Gov. Tom Wolf has pledged that Pennsylvania will welcome Afghan refugees. The governor announced Wednesday that the Pennsylvania Air National Guard has been mobilized to assist in providing security and transportation assistance for refugees as they are moved around the country.
“Pennsylvania was founded on the ideals of peace, tolerance, and safety for all people. It is incumbent on us to model the ideals on which Pennsylvania was founded and be a welcoming home for any who seek safe refuge in the United States. Therefore, Pennsylvania stands ready to continue serving as a resource and a safe, welcoming home for those who seek refuge in the United States,” Wolf said.
The state Department of Human Services (DHS) has activated Pennsylvania’s state emergency repatriation plan as part of Operation Allies Refuge and established an Emergency Repatriation Center at the designated port of entry, Philadelphia International Airport, said Erin James, a DHS spokeswoman.

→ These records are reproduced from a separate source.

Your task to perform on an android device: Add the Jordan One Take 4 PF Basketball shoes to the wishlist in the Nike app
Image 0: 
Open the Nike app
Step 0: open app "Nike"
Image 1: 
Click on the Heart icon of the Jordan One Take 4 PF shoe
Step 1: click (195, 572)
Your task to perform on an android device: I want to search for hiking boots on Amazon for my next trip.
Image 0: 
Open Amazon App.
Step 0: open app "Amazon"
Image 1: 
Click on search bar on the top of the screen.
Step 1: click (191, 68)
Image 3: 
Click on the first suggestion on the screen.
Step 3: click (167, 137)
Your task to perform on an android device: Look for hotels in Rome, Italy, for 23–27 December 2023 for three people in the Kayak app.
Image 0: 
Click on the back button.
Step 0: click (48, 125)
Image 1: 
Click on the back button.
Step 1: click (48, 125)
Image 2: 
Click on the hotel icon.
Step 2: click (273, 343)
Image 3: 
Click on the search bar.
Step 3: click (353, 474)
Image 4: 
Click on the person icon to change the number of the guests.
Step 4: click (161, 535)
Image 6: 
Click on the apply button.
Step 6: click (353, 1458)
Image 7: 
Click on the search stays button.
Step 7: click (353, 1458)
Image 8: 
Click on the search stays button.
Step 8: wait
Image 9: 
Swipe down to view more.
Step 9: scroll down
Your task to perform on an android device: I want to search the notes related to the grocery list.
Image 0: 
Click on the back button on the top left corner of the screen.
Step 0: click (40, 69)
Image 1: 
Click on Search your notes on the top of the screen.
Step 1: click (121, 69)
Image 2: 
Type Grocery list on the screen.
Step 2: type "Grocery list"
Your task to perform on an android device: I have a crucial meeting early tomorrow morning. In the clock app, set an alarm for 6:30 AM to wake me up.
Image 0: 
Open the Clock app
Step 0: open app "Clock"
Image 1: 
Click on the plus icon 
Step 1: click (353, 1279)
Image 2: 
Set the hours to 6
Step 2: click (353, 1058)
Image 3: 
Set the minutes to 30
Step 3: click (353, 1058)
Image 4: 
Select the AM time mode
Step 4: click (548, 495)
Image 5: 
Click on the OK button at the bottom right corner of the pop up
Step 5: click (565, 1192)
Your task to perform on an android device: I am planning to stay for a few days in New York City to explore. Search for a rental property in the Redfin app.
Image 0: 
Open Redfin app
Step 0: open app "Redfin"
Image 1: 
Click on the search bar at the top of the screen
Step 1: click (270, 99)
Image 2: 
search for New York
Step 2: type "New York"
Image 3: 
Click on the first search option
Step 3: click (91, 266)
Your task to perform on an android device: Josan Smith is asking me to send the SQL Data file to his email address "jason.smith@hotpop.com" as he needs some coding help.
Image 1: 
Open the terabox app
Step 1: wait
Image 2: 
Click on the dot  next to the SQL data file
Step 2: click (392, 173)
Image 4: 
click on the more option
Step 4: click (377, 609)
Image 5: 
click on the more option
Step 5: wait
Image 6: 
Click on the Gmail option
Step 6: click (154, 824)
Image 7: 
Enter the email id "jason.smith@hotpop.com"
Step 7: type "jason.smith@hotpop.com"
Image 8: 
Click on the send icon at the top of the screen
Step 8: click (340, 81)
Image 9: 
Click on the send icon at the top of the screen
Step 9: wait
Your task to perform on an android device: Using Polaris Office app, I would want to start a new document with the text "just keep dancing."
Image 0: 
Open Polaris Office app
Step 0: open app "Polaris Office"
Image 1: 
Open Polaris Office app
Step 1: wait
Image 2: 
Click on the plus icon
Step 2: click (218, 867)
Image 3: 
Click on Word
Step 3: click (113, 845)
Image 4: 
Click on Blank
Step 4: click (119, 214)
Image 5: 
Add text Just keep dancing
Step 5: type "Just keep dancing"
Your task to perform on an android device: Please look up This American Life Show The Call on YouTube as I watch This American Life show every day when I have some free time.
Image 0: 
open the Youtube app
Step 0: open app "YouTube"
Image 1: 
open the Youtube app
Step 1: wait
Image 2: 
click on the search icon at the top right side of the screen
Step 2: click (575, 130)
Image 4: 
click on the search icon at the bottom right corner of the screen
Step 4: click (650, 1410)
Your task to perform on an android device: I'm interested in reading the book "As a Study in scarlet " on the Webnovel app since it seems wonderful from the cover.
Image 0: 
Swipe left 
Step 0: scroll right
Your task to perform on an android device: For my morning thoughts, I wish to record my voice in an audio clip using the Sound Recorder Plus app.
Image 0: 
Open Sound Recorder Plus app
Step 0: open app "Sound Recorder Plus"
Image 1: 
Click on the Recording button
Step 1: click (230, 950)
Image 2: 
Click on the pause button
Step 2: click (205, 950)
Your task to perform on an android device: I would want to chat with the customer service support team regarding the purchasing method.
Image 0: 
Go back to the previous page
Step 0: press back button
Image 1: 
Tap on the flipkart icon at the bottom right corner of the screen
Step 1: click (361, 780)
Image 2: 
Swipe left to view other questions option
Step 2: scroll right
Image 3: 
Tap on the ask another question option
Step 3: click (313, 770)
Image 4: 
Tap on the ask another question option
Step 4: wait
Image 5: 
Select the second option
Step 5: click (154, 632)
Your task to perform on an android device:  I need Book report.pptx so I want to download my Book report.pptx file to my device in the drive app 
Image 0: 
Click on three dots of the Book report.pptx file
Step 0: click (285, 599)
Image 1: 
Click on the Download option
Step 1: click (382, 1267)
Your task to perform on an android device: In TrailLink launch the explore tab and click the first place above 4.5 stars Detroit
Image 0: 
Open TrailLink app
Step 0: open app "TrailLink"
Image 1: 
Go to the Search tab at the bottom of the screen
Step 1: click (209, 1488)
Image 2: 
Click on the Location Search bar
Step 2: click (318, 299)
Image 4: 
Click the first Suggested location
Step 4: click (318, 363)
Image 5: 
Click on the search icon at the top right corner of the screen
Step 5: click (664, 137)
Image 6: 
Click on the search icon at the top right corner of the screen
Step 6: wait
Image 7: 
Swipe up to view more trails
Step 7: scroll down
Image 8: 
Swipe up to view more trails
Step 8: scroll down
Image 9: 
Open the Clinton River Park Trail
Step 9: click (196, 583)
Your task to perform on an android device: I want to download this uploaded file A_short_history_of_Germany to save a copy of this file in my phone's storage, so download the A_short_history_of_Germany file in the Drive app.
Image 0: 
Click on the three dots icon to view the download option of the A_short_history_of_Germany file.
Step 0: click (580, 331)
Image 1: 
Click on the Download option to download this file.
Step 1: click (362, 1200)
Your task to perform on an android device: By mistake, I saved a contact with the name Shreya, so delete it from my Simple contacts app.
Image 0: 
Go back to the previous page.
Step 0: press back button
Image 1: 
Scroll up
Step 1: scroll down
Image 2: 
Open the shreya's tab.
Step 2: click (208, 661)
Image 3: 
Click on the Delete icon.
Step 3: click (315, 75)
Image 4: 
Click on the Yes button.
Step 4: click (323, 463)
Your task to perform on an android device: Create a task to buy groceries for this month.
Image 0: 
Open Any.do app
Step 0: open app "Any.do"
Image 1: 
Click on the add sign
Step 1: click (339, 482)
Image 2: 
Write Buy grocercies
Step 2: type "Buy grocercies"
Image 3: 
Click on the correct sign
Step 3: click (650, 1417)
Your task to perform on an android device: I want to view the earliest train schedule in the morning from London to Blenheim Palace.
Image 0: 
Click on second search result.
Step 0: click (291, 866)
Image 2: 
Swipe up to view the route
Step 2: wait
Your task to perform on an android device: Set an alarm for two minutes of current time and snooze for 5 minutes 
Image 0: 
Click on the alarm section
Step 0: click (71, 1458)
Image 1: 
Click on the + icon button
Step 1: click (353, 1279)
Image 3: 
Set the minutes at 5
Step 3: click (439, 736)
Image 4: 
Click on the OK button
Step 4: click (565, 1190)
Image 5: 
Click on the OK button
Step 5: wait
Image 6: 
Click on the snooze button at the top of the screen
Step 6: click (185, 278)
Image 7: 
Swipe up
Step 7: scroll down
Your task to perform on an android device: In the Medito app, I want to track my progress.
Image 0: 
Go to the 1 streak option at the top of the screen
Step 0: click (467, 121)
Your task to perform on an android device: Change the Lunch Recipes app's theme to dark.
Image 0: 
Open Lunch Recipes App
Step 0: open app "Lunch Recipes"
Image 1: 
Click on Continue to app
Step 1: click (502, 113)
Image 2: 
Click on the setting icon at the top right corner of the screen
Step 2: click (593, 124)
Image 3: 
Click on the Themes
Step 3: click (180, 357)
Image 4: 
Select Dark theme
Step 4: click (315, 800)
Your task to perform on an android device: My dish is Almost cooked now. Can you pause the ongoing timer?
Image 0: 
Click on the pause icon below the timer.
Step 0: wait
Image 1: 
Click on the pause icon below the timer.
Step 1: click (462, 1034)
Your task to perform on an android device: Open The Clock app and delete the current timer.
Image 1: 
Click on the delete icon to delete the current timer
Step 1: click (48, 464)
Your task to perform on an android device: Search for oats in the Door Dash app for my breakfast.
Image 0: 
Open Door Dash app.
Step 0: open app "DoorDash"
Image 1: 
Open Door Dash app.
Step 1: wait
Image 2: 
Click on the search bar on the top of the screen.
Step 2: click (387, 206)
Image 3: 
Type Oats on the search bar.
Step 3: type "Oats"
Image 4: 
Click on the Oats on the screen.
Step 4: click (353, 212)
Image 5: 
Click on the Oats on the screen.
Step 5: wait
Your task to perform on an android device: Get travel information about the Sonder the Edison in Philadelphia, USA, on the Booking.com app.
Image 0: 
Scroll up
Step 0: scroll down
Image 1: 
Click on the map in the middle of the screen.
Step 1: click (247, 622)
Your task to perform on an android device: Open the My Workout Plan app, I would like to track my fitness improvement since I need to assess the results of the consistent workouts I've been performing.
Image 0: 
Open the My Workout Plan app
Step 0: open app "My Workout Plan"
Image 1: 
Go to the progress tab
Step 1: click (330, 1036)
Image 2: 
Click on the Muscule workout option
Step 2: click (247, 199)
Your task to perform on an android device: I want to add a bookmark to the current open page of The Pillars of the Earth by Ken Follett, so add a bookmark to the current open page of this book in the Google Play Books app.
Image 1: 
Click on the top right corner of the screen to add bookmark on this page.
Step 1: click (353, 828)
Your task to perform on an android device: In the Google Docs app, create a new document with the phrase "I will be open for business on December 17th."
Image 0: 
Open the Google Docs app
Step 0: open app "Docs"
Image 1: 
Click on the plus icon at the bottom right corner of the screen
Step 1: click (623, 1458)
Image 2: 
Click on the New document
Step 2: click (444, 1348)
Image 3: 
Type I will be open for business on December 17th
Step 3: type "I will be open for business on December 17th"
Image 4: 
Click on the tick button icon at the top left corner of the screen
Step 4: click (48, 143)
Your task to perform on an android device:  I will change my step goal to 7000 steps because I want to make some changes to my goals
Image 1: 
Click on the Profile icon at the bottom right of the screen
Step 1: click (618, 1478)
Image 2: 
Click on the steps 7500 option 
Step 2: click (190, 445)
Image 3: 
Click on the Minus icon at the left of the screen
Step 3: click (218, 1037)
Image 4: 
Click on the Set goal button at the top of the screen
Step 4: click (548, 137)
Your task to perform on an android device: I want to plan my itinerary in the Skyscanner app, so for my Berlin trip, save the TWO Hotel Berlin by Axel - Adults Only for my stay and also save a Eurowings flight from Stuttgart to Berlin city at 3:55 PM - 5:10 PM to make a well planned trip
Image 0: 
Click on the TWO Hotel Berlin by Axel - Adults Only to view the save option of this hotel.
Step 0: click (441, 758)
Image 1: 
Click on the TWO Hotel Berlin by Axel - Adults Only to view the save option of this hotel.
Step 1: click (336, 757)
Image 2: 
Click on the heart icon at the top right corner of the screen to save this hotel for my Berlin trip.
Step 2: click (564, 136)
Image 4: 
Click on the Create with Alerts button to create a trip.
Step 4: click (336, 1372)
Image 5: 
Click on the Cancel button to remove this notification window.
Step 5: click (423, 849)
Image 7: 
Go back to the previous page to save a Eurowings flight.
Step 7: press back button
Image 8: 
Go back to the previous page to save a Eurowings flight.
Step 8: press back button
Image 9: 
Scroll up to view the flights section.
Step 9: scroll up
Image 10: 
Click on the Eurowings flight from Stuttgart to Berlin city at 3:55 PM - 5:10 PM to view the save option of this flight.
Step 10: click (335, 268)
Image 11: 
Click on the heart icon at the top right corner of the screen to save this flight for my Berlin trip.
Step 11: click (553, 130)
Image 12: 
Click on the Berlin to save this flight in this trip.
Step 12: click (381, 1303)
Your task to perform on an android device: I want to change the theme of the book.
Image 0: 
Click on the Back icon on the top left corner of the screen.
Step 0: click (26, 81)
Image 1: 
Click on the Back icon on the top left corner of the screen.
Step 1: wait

“Department staff are at the airport to provide support to U.S. citizens arriving from Afghanistan and to federal and local partner agencies. DHS is also coordinating an operation to provide meals, including Halal meals, to any arriving individuals in need,” she said. The state won’t be directly involved in placing refugees and instead will rely on humanitarian groups to find homes for the refugees.
“In its role, DHS helps to provide access to high-quality employment, medical and mental health screening, support services, and case management for up to 60 months post-arrival. DHS does not have decision-making authority on who or how many refugees will be resettled in PA. That decision is made by the federal government,” James said.
Refugees arriving in the U.S. landed at Philadelphia International Airport and at Dulles Airport near Washington, D.C. The refugees were tested for COVID-19 and then immediately transferred to the military bases where they will be held until they are approved for resettlement.
Local officials said they haven’t been told how many refugees to expect, but that they’ve notified that the first groups of refugees that will be resettled in the community are likely to begin arriving by the middle of September, said Miller-Wilson.
“That’s the million-dollar question,” Miller-Wilson said, when asked if her agency has been given notice of how many refugees to expect. “The answer is no.”
If possible, refugees will be moved into communities where they have existing family connections, Miller-Wilson said.
“There’s an Afghan community in Philly, that’s about 700 strong, okay. and there are many people in the military bases who are connected to those folks. So if they are connected, they’ll probably end up in Philly. But the largest community of Afghans is in California and Texas. So, therefore, there are many more ties to those people,” she said.
Officials in Pittsburgh estimate that the Afghan community there consists of about 200 people, according to JFCS.
Refugees who don’t have family connections can be re-settled pretty much anywhere though.
“In fact, there are 19 resettlement agencies in Pennsylvania, and they’ve all stepped up and said, we’re willing to take people. So I think beyond Philly and Pittsburgh, there will be growing Afghan communities in Pennsylvania and other places. But they will probably be lower down in the priority list because part of refugee resettlement involves resettling people in a community, nobody wants to be the first and only Afghan family in a location,” Miller-Wilson said.
Miller-Wilson said that it’s difficult to prepare to help place refugees without having more information about how many are coming. Those efforts have been complicated by the fact there is tremendous demand for available apartments which drives up the cost of rent.